Terlepas dari semua itu, ada beberapa hal yang tidak saya pahami. Interaksi antara boneka dan manusia. Pada bagian awal, kehidupan manusia dengan boneka sangat berbeda. Seolah mereka memiliki dinding pembatas. Bahkan di awal-awal saya merasa menonton film toy story. Interaksi hanya terjadi antar boneka, dan manusia tidak dapat memahaminya. Tapi, beberapa bab terakhir, penulis dengan jelas bahwa boneka dapat berinteraksi dengan manusia. Tanpa ada halangan apapun. Mereka dapat bergandengan tangan, dan mengutarakan perasaan masing-masing. Bagi saya itu aneh, kecuali sedari awal penulis memperlihatkan kehidupan manusia dan boneka adalah sama.

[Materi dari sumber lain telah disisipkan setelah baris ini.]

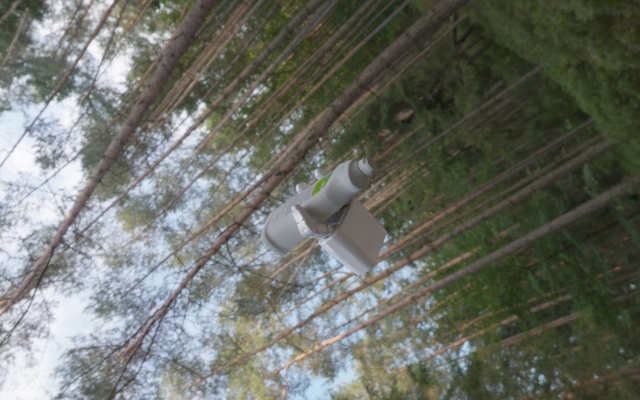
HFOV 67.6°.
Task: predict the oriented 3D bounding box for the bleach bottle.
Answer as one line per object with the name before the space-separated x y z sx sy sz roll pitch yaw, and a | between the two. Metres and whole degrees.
bleach bottle | 0.000 0.003 0.875 0.251 0.068 0.102 -36 22 32
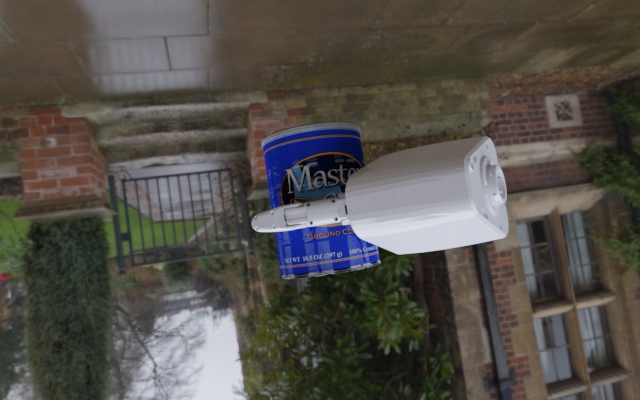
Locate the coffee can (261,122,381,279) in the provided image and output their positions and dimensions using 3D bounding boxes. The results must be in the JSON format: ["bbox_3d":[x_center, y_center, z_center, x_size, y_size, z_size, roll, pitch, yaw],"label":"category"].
[{"bbox_3d":[0.000,0.001,0.487,0.103,0.140,0.103,-8,-4,-1],"label":"coffee can"}]
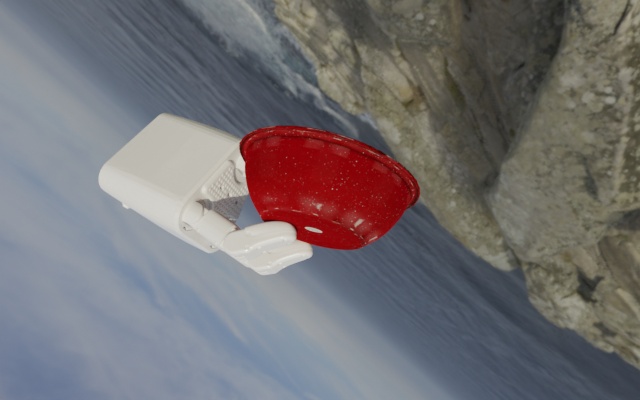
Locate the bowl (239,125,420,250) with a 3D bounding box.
[{"bbox_3d":[0.001,0.002,0.408,0.162,0.055,0.162,14,-19,5],"label":"bowl"}]
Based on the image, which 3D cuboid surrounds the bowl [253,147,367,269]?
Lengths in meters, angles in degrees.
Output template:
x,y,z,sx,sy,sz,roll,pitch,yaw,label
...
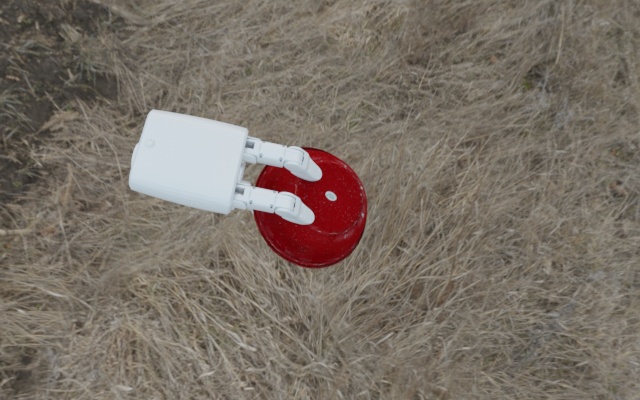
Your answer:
x,y,z,sx,sy,sz,roll,pitch,yaw,label
0.001,0.002,0.599,0.162,0.162,0.055,0,-13,-25,bowl
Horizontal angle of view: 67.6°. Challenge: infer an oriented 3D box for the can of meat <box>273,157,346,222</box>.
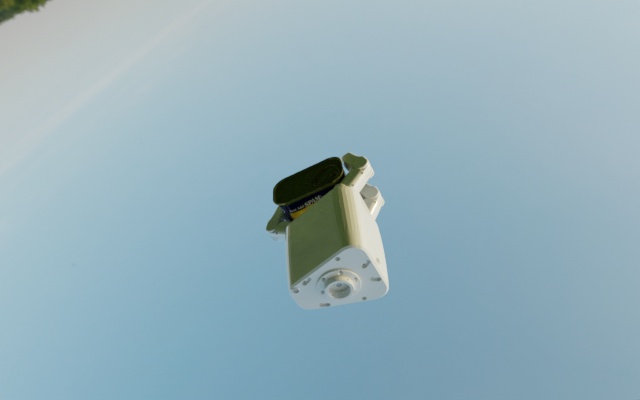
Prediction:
[{"bbox_3d":[0.000,0.002,0.646,0.102,0.084,0.057,-24,35,11],"label":"can of meat"}]
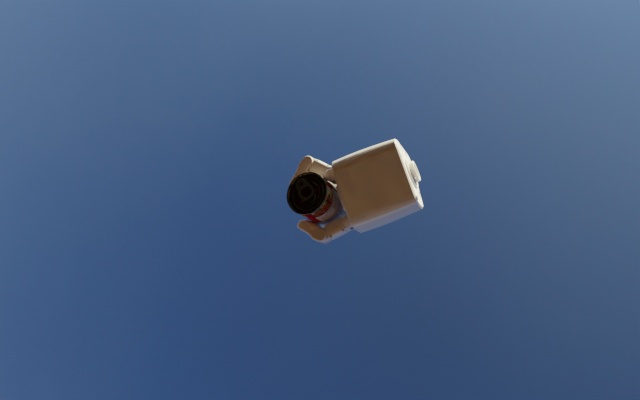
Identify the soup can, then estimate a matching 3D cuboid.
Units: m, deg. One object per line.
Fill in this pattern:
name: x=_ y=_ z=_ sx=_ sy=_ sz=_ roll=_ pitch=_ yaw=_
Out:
soup can: x=0.000 y=0.003 z=0.759 sx=0.068 sy=0.068 sz=0.102 roll=0 pitch=-16 yaw=26
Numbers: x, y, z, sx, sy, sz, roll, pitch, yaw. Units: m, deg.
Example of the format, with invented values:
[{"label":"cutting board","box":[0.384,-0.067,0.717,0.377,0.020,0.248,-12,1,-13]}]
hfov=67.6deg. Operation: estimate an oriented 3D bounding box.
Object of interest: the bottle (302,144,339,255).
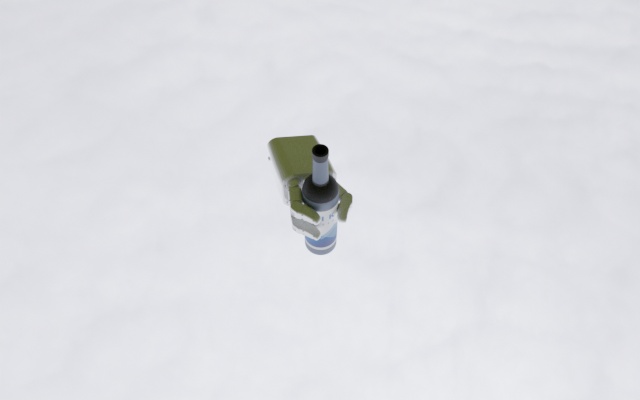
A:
[{"label":"bottle","box":[0.000,0.003,0.876,0.069,0.069,0.296,0,-34,0]}]
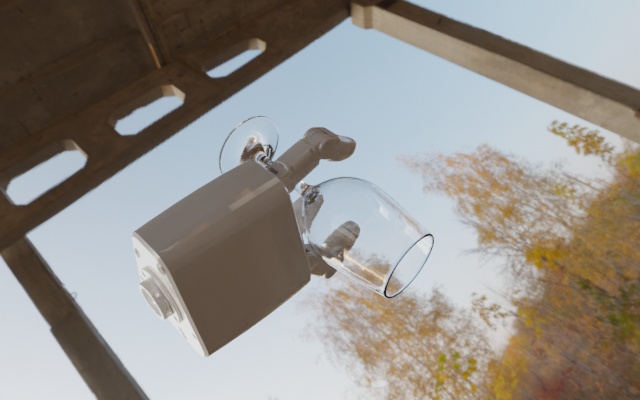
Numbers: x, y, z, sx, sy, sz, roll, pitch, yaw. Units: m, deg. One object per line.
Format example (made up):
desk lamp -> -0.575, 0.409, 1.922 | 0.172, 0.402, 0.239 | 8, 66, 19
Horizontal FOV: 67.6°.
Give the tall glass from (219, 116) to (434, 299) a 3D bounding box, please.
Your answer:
tall glass -> 0.000, 0.001, 0.422 | 0.201, 0.079, 0.079 | 36, 19, 29
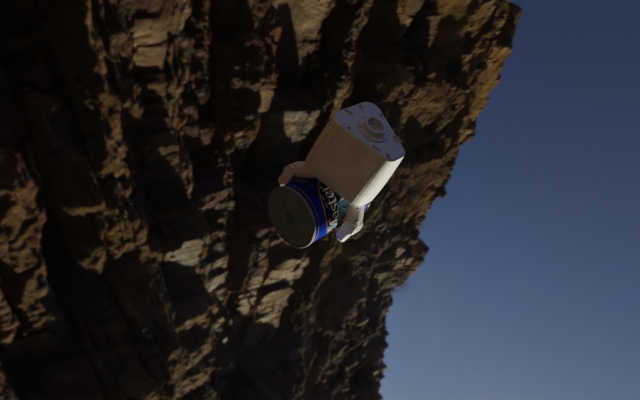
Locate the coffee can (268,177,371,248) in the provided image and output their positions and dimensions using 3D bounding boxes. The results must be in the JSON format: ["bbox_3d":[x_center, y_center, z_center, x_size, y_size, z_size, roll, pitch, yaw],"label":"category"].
[{"bbox_3d":[0.000,0.003,0.780,0.140,0.103,0.103,-27,18,-39],"label":"coffee can"}]
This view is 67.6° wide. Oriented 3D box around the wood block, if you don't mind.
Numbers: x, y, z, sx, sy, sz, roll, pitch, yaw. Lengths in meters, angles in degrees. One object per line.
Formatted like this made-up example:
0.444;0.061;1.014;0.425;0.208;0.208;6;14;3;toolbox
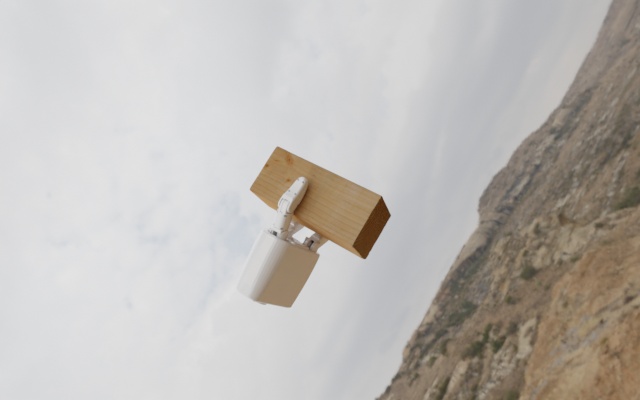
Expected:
0.000;0.003;0.786;0.206;0.090;0.091;27;-10;25;wood block
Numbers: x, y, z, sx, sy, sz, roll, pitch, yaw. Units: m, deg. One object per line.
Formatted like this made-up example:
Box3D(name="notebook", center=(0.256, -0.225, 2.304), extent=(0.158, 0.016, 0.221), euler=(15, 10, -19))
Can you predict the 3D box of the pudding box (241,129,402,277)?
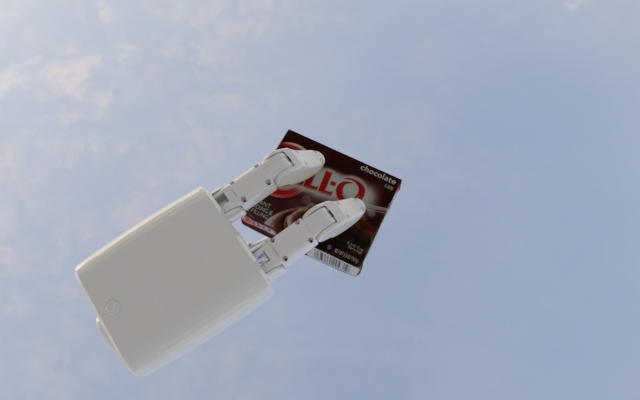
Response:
Box3D(name="pudding box", center=(0.000, 0.001, 0.410), extent=(0.113, 0.090, 0.039), euler=(26, -23, 6))
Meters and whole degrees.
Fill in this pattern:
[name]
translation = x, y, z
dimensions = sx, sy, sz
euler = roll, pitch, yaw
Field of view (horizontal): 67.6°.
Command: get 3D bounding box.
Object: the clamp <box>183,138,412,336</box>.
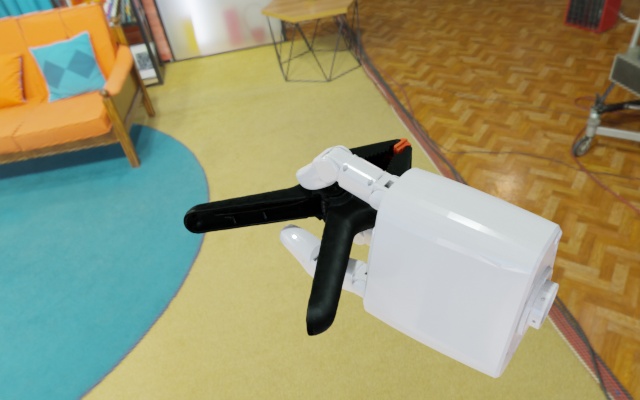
[clamp]
translation = 0.001, 0.001, 0.408
dimensions = 0.164, 0.036, 0.210
euler = 26, 50, 30
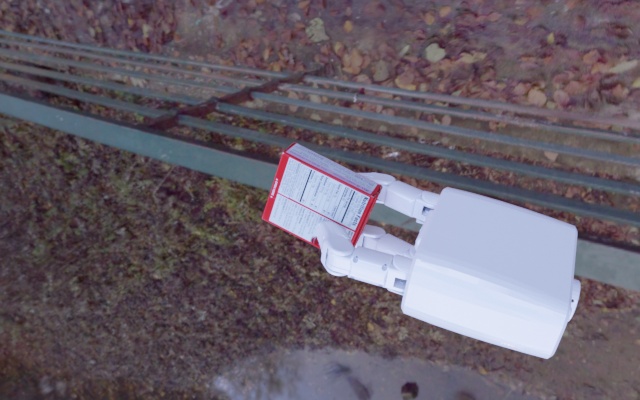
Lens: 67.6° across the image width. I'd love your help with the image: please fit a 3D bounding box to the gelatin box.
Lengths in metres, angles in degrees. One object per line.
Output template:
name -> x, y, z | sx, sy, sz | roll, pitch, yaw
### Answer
gelatin box -> 0.000, 0.001, 0.421 | 0.089, 0.073, 0.030 | 26, 32, 9
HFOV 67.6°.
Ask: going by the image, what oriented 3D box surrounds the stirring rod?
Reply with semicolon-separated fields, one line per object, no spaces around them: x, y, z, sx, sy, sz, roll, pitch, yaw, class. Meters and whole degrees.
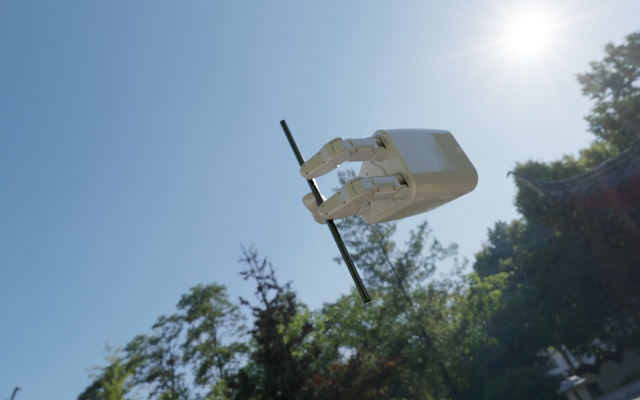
0.000;0.002;0.520;0.011;0.239;0.011;-20;-28;-11;stirring rod
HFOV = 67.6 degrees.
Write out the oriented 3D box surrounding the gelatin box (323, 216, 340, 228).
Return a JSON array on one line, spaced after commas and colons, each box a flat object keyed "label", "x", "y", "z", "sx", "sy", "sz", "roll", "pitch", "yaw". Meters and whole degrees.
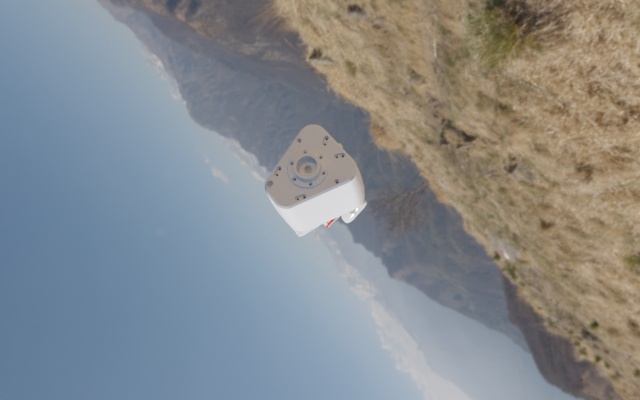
[{"label": "gelatin box", "x": 0.000, "y": 0.003, "z": 0.739, "sx": 0.030, "sy": 0.073, "sz": 0.089, "roll": -40, "pitch": -5, "yaw": -9}]
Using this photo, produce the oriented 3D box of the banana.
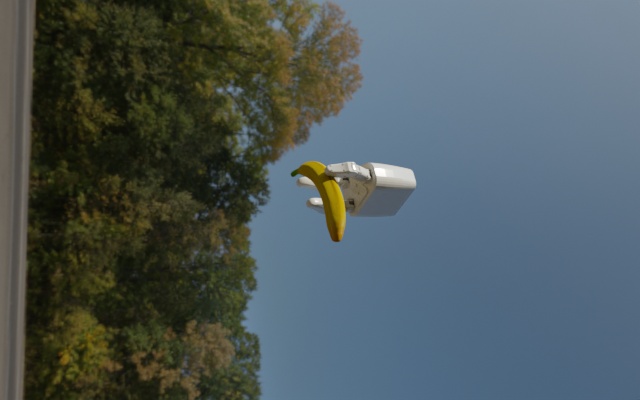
[{"bbox_3d":[0.006,-0.014,0.859,0.037,0.070,0.197,5,37,-34],"label":"banana"}]
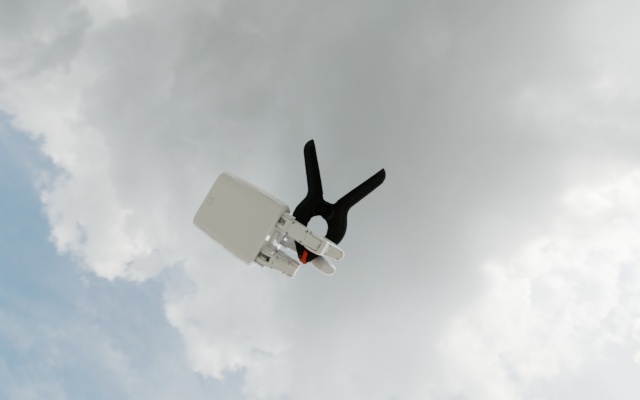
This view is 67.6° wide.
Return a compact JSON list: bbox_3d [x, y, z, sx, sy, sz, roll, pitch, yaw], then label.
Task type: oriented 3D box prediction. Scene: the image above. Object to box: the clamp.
[{"bbox_3d":[0.000,0.002,0.671,0.120,0.171,0.039,32,3,11],"label":"clamp"}]
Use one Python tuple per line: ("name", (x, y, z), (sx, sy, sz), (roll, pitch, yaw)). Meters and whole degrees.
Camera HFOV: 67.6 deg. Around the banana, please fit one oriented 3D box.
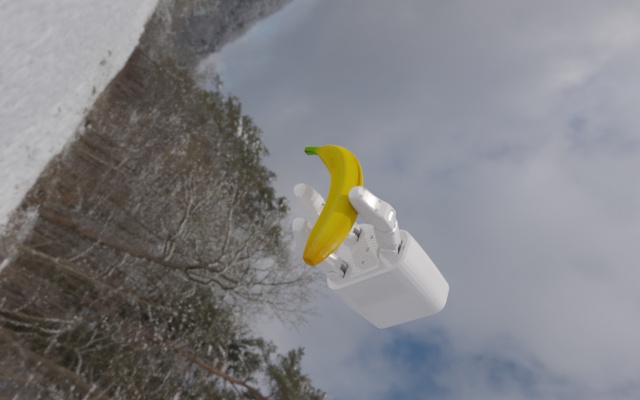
("banana", (0.016, -0.008, 0.538), (0.069, 0.037, 0.197), (-24, 36, 19))
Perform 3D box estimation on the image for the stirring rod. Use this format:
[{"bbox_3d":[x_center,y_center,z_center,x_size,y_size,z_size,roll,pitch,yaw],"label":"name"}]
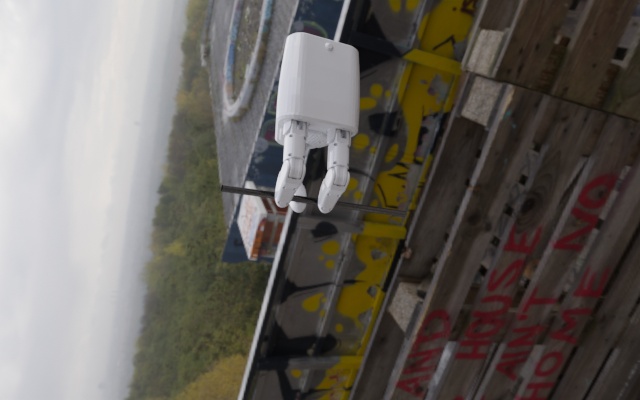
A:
[{"bbox_3d":[0.000,0.002,0.579,0.239,0.011,0.011,8,-3,-22],"label":"stirring rod"}]
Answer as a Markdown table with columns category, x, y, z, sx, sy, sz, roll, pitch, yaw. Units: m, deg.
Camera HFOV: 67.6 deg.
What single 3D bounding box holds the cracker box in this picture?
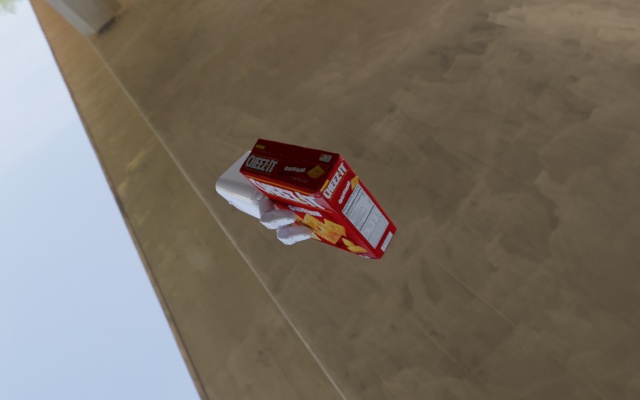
| category | x | y | z | sx | sy | sz | roll | pitch | yaw |
| --- | --- | --- | --- | --- | --- | --- | --- | --- | --- |
| cracker box | 0.000 | 0.002 | 0.741 | 0.164 | 0.072 | 0.214 | 15 | -21 | 39 |
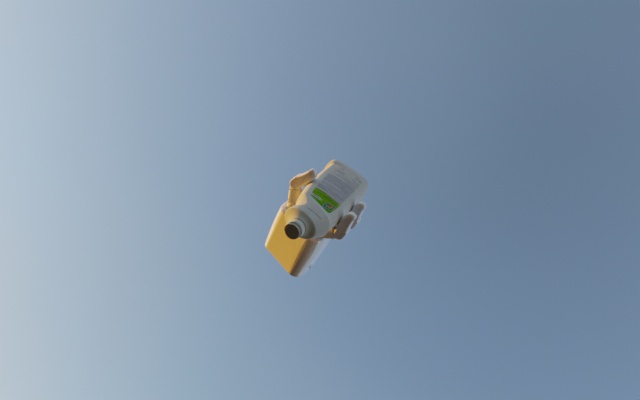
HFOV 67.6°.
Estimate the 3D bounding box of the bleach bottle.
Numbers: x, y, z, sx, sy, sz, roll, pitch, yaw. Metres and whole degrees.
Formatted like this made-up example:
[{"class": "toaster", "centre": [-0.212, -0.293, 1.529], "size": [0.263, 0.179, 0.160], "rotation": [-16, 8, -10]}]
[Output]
[{"class": "bleach bottle", "centre": [0.000, 0.003, 0.883], "size": [0.102, 0.068, 0.250], "rotation": [33, 32, 12]}]
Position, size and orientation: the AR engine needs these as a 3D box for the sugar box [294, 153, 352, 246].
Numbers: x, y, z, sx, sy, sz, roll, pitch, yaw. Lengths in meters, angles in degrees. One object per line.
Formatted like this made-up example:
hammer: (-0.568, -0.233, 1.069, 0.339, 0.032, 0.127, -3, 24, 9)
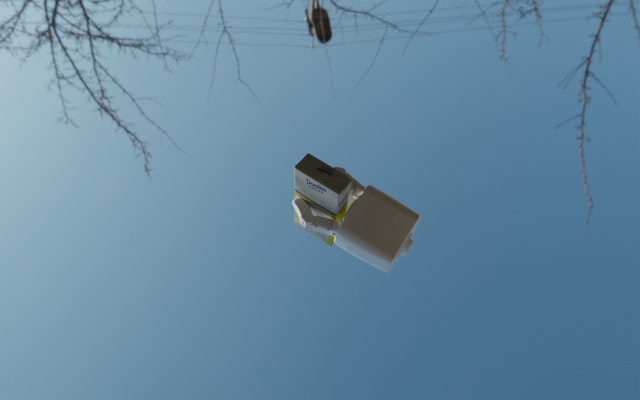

Walaupun begitu, secara keseluruhan saya menyukainya. Penulis cukup berani mengangkat tema yang tidak mainstream seperti buku-buku umumnya. 

"Apabila seseorang pernah melalui kepahitan dalam hidup, mengkin dia tahu betapa kegetiran itu sebenarnya akan pergi sendiri tanpa perlu diusir. Sebab, dalam cerita manapun, Tuhan akan mempersiapkan akhir yang manis bagi mereka yang memperjuangkannya, sepahit apa pun kenyataannya." --Halaman 256.

Apakah cerita di Rumah Lebah berakhir manis? Ya, tentu Saja.

"Kalau cerita dari karangan Tuhan itu tidak berakhir happy ending, berarti cerita itu belum selesai." --Halaman 258.

Saya memberikan 3/5 bintang untuk buku ini.